Records contained in a dataset:
____________

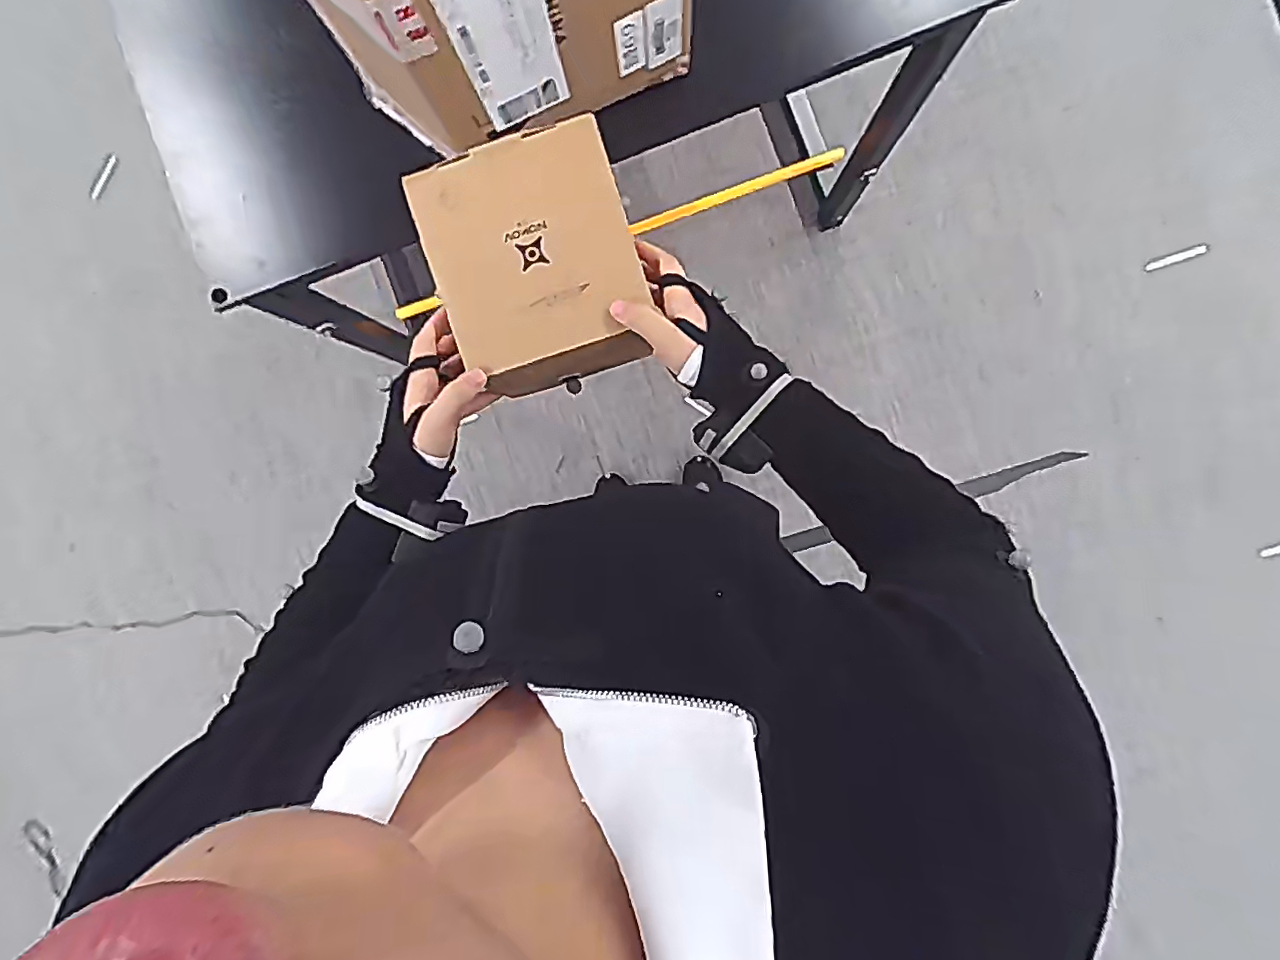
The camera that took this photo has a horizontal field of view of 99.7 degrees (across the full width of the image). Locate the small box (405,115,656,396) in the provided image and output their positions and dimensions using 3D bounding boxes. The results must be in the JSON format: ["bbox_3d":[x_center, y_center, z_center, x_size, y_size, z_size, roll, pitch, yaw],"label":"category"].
[{"bbox_3d":[-0.089,-0.192,0.518,0.168,0.176,0.179,-18,93,1],"label":"small box"}]
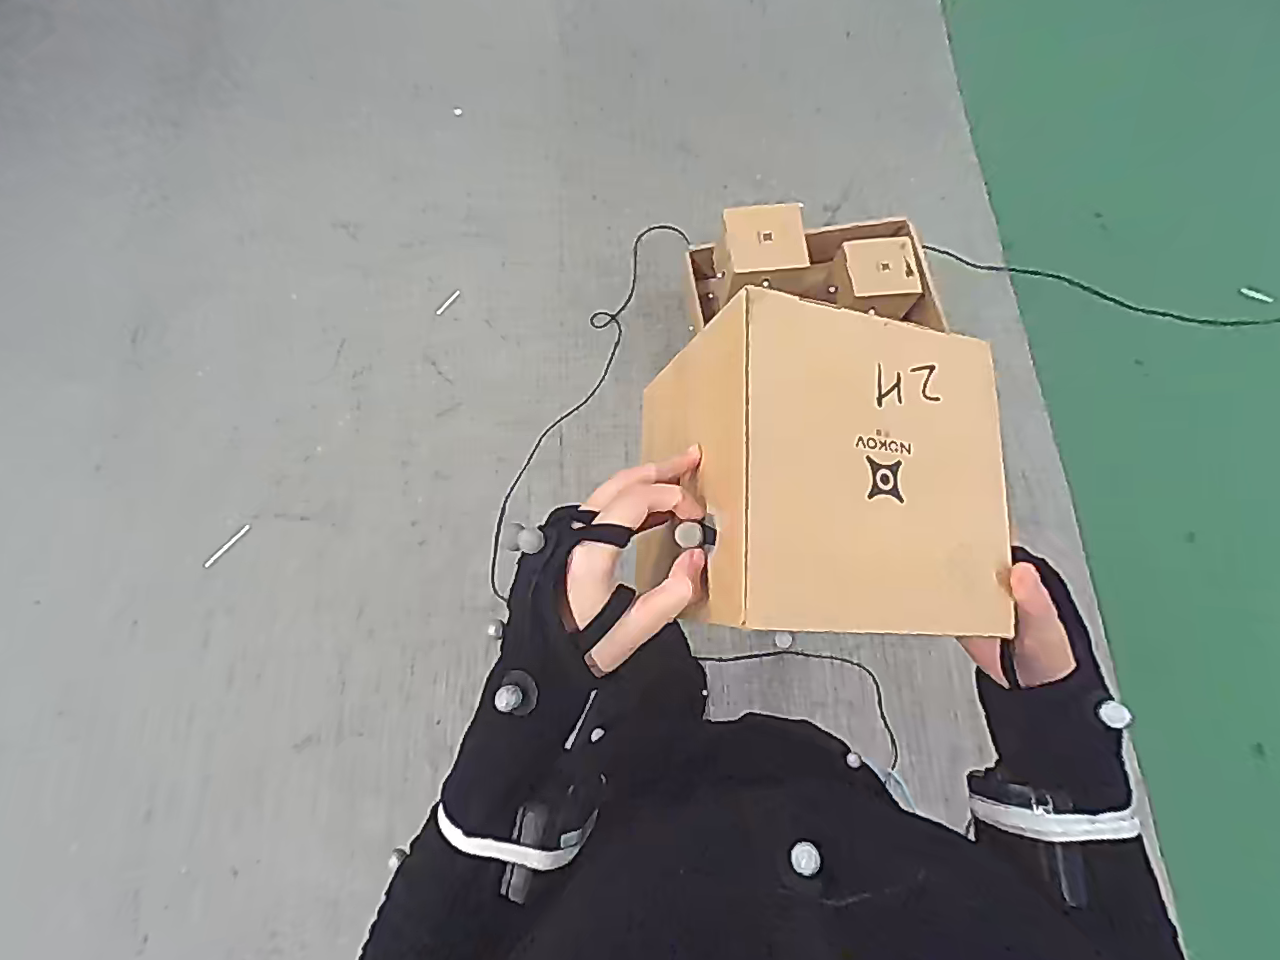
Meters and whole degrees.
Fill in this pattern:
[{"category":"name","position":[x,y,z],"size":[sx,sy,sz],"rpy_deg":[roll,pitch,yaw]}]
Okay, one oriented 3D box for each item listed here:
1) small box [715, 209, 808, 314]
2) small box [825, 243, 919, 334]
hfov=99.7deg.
[{"category":"small box","position":[0.277,-0.511,1.284],"size":[0.179,0.176,0.168],"rpy_deg":[-4,76,-2]},{"category":"small box","position":[0.610,-0.507,1.450],"size":[0.179,0.176,0.168],"rpy_deg":[-4,75,0]}]
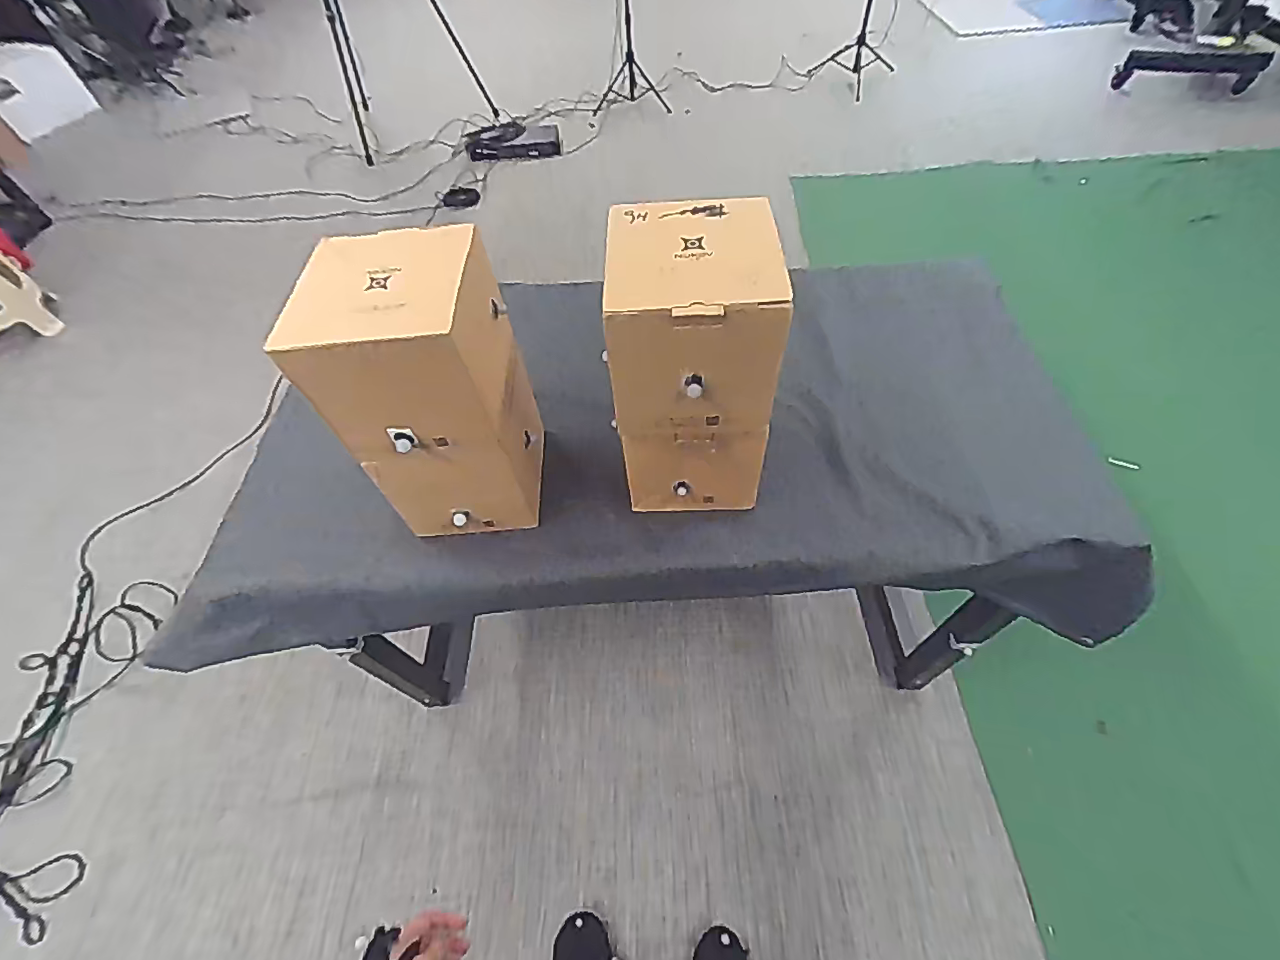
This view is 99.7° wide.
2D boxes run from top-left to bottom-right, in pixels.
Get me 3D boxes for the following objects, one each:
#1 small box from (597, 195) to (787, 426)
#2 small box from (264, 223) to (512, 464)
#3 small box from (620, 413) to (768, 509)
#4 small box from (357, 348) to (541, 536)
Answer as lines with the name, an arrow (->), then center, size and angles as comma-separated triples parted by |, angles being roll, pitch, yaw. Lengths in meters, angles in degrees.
small box -> 0.051, -0.168, 0.570 | 0.168, 0.176, 0.179 | -2, 56, 3
small box -> -0.239, -0.139, 0.570 | 0.168, 0.176, 0.179 | -6, 55, 2
small box -> 0.063, -0.079, 0.706 | 0.168, 0.176, 0.179 | -2, 55, 3
small box -> -0.229, -0.046, 0.702 | 0.168, 0.176, 0.179 | -5, 55, 1
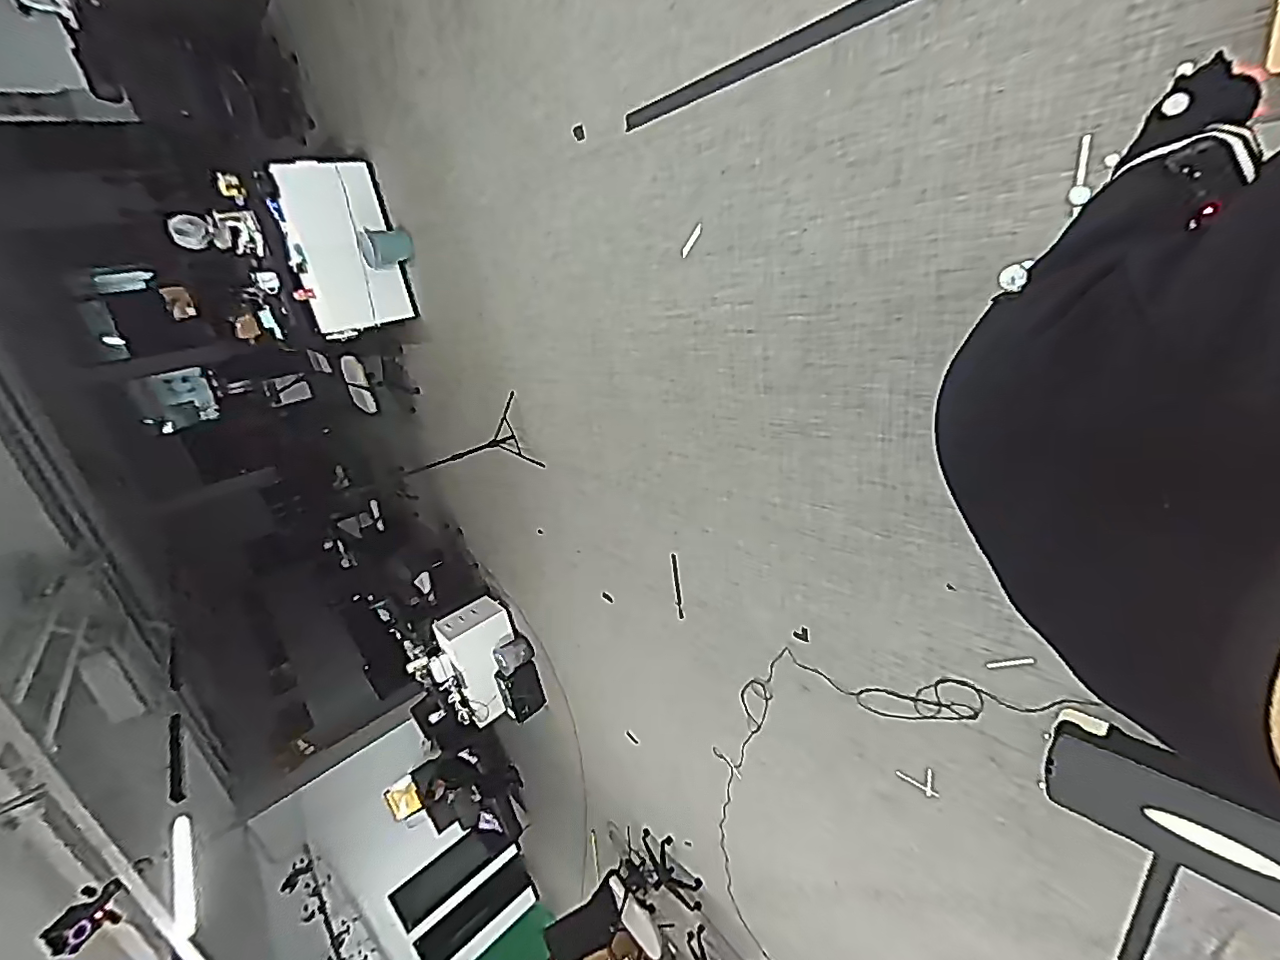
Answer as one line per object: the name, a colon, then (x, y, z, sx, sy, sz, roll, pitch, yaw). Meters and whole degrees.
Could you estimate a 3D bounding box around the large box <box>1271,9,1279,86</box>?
large box: (1.030, -0.696, 0.596, 0.408, 0.320, 0.320, 13, 122, 47)
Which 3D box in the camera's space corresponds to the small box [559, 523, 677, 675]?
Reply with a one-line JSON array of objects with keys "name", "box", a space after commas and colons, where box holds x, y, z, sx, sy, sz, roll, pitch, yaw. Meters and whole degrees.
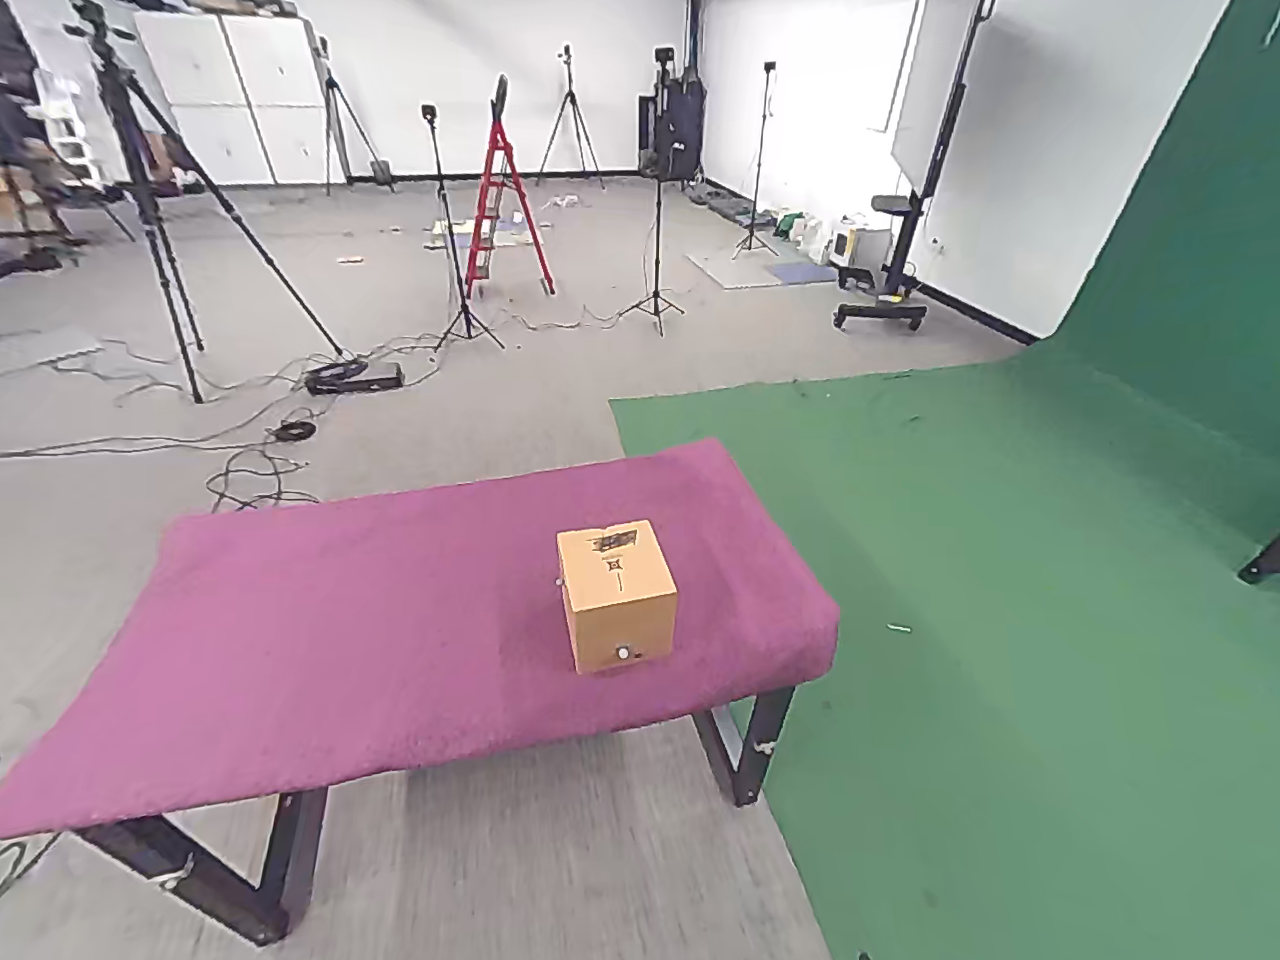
[{"name": "small box", "box": [-0.044, 0.201, 0.927, 0.168, 0.176, 0.179, -8, 39, -12]}]
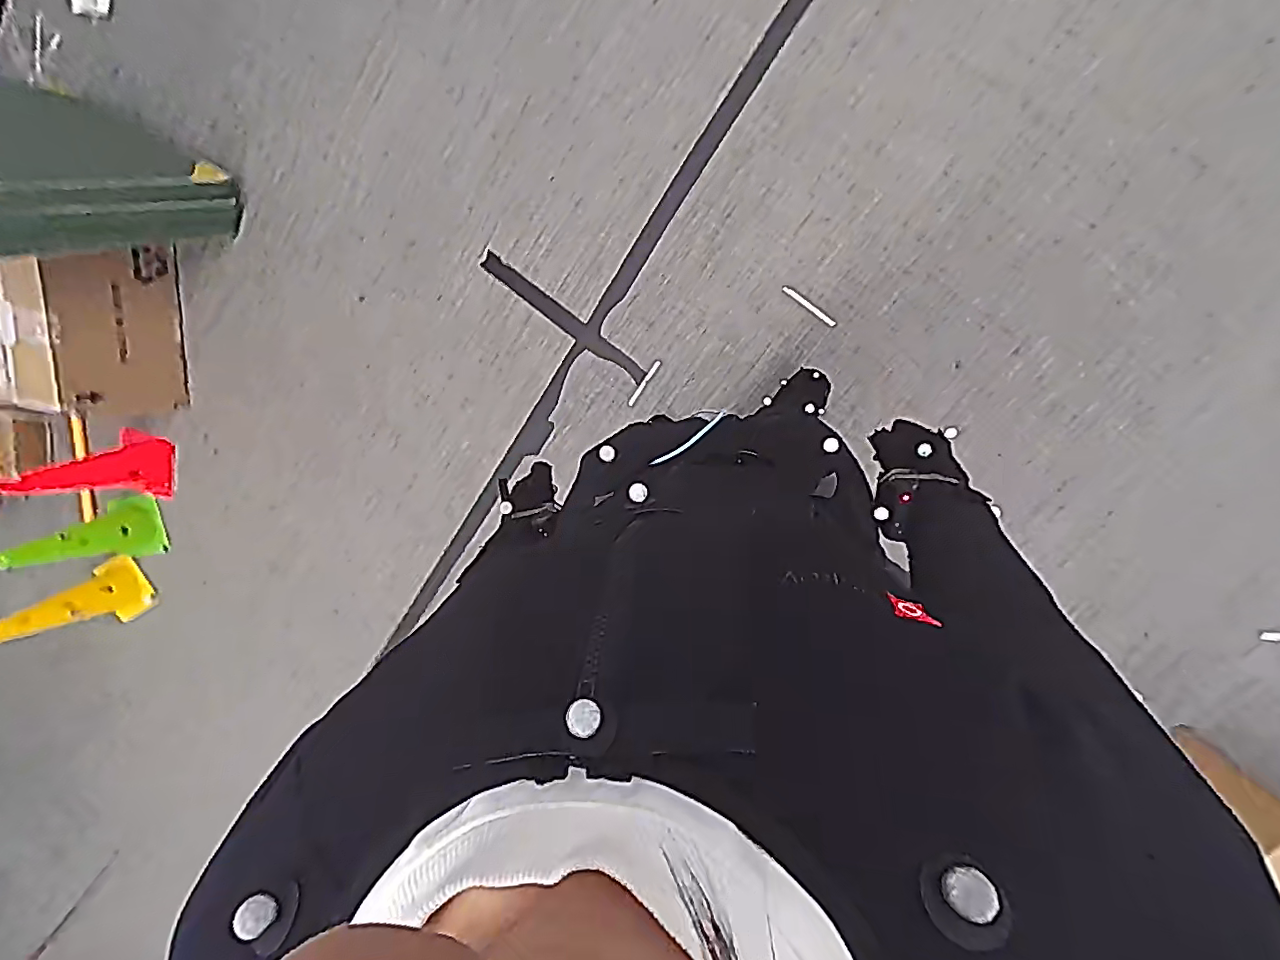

____________

▶ [Problem description]:
Each line from the one that contains "Fill in this" down to the one that contains "Which 3D box" is to be returned exactly as it stands above, both ends included, with pictures removed.

▶ [Problem solution]:
Fill in this pattern:
[{"category":"name","position":[x,y,z],"size":[sx,sy,sz],"rpy_deg":[roll,pitch,yaw]}]
Okay, one oriented 3D box for each item listed here:
1) small box [715, 209, 808, 314]
2) small box [825, 243, 919, 334]
hfov=99.7deg.
[{"category":"small box","position":[0.277,-0.511,1.284],"size":[0.179,0.176,0.168],"rpy_deg":[-4,76,-2]},{"category":"small box","position":[0.610,-0.507,1.450],"size":[0.179,0.176,0.168],"rpy_deg":[-4,75,0]}]
This view is 99.7° wide.
2D boxes run from top-left to bottom-right, in pixels.
Get me 3D boxes for the following objects, one each:
#1 small box from (597, 195) to (787, 426)
#2 small box from (264, 223) to (512, 464)
#3 small box from (620, 413) to (768, 509)
#4 small box from (357, 348) to (541, 536)
Answer as lines with the name, an arrow (->), then center, size and angles as comma-separated triples parted by |, angles being roll, pitch, yaw. Lengths in meters, angles in degrees.
small box -> 0.051, -0.168, 0.570 | 0.168, 0.176, 0.179 | -2, 56, 3
small box -> -0.239, -0.139, 0.570 | 0.168, 0.176, 0.179 | -6, 55, 2
small box -> 0.063, -0.079, 0.706 | 0.168, 0.176, 0.179 | -2, 55, 3
small box -> -0.229, -0.046, 0.702 | 0.168, 0.176, 0.179 | -5, 55, 1
Answer as one line per object: the name, a colon, then (x, y, z, sx, sy, sz, roll, pitch, yaw). Meters and whole degrees.
Could you estimate a 3D bounding box around the large box <box>1271,9,1279,86</box>?
large box: (1.030, -0.696, 0.596, 0.408, 0.320, 0.320, 13, 122, 47)
Which 3D box in the camera's space corresponds to the small box [559, 523, 677, 675]?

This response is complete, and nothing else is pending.